Skip to contents

A synthetic two-level dataset with pupils nested within schools, generated to mimic the structure and parameters of the popular dataset from Hox (2010). It can be used to demonstrate multilevel bootstrap methods without depending on external data sources.

Usage

pop_syn

Format

A data frame with 2000 rows and 5 variables:

pupil

Pupil identification number within school (integer).

school

School identification number, 1–100 (integer).

popular

Pupil popularity score on a 0–10 scale (numeric).

sex

Pupil sex: 0 = boy, 1 = girl (integer).

texp

Teacher experience in years (numeric).

Source

Simulated from parameters estimated from the popular dataset in: Hox, J. J. (2010). Multilevel analysis: Techniques and applications (2nd ed.). Routledge.
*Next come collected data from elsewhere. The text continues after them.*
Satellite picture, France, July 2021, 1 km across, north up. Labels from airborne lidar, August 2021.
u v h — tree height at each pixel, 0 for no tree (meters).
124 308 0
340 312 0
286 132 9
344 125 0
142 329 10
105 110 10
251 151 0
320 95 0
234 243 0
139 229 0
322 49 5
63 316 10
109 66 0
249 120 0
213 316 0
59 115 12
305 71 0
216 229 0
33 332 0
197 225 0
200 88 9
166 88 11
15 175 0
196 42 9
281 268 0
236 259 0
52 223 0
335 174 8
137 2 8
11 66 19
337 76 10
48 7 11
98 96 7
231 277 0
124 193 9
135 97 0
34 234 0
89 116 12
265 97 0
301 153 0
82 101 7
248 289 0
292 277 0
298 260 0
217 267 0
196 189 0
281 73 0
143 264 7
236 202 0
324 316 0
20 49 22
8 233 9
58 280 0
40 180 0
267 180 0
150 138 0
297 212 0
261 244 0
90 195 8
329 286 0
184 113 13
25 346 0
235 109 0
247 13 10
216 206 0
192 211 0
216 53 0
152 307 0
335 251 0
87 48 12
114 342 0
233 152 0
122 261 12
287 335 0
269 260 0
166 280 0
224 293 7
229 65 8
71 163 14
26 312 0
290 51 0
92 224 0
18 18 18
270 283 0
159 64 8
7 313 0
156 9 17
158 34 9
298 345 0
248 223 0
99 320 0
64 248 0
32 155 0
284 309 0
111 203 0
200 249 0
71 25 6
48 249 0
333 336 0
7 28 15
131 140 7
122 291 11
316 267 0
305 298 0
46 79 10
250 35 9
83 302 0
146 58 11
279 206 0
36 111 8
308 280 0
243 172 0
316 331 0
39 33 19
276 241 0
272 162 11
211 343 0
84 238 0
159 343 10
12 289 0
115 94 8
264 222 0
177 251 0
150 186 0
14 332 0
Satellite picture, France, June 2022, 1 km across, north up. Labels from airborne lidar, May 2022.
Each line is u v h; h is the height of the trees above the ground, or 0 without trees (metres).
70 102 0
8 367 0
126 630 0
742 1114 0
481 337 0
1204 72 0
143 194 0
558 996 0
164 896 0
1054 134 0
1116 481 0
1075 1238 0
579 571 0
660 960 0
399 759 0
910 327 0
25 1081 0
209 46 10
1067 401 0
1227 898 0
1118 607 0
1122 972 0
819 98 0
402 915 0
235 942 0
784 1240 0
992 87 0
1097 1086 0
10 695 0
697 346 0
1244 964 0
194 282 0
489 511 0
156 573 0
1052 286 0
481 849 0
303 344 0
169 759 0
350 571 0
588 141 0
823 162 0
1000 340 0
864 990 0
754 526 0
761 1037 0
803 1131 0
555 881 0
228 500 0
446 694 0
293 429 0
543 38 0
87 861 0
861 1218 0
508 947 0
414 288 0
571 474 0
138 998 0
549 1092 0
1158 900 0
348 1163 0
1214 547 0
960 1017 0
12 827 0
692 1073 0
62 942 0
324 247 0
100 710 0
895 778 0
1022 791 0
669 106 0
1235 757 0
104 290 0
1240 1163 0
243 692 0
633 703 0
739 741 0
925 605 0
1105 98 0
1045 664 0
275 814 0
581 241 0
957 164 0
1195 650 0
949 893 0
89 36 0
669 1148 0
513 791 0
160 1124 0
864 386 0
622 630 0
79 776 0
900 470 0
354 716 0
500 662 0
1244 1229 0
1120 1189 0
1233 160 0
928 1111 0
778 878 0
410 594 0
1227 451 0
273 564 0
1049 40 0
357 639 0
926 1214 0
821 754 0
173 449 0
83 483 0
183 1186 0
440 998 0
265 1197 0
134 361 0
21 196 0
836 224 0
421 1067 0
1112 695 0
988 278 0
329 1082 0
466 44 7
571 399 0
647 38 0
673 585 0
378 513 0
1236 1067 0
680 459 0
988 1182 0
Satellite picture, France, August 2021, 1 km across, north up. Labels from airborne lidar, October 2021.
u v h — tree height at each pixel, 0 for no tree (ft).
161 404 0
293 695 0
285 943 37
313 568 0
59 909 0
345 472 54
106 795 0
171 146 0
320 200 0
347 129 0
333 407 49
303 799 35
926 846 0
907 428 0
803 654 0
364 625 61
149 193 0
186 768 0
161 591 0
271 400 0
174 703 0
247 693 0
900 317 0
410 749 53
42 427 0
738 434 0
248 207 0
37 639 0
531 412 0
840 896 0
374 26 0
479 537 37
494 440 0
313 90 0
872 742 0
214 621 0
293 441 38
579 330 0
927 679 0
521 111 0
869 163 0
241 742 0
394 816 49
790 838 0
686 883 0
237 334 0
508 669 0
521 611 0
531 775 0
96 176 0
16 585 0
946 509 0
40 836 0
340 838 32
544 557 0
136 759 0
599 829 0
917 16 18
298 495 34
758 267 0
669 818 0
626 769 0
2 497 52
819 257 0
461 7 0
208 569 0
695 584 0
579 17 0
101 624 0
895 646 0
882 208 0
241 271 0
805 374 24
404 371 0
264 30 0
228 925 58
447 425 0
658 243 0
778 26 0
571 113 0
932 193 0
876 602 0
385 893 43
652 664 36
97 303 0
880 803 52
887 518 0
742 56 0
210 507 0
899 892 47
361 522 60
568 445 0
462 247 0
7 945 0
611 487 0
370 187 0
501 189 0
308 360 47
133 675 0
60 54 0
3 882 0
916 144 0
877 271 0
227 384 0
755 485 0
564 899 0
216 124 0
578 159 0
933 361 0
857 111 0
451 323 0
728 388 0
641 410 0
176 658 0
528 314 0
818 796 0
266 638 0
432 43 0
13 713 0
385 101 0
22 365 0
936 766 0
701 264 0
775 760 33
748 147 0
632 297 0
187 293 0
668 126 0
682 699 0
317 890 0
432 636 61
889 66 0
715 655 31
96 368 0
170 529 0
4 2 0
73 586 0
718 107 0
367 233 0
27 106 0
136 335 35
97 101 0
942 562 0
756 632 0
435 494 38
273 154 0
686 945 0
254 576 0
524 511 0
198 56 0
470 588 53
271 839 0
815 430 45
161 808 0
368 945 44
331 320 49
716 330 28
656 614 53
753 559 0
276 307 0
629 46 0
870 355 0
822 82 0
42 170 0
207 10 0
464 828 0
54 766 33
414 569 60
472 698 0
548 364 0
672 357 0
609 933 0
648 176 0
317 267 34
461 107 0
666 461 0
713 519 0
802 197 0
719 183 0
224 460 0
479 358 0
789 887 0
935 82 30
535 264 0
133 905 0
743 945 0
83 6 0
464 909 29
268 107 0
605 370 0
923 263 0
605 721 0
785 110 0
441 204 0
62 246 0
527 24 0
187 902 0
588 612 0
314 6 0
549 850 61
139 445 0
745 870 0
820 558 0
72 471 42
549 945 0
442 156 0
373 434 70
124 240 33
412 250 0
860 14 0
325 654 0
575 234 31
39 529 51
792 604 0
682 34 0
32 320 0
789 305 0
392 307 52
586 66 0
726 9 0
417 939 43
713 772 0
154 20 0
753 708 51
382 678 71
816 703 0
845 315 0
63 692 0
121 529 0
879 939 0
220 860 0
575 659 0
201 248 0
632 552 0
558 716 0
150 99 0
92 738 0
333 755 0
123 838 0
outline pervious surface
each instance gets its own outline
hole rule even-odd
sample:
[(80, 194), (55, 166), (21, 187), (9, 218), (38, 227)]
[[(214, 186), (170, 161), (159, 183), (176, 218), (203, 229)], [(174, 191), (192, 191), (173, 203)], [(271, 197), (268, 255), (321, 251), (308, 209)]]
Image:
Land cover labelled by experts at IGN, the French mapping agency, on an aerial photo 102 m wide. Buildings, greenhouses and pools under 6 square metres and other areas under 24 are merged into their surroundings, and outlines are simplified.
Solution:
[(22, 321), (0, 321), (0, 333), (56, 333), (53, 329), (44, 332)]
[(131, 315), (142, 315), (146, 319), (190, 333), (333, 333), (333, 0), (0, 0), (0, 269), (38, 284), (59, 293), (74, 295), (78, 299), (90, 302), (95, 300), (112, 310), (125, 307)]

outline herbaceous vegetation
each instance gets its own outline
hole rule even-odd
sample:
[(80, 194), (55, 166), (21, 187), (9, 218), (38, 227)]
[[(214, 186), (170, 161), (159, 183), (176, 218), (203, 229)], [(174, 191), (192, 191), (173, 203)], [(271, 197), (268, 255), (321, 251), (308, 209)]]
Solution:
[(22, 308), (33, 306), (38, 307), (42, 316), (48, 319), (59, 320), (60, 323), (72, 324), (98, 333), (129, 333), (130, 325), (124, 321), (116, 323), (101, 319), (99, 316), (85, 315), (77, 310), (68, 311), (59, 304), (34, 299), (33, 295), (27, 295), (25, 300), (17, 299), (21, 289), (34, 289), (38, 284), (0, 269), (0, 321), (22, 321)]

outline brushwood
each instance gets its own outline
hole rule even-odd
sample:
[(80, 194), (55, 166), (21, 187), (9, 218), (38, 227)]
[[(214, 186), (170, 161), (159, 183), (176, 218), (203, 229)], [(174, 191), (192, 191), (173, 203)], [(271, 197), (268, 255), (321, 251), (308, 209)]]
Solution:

Data available at https://stats.oarc.ucla.edu/stat/stata/examples/mlm_ma_hox/popular.dta.

Details

The dataset was generated by fitting a two-level random intercept model to the original popular data and simulating new data from the estimated parameters:

  • Fixed effects: intercept = 3.56, sex = 0.84, texp = 0.093

  • School-level random intercept SD: 0.69

  • Residual SD: 0.68

Continuous predictions were rounded to the nearest integer and clamped to the [0, 10] range to match the original Likert-type scale.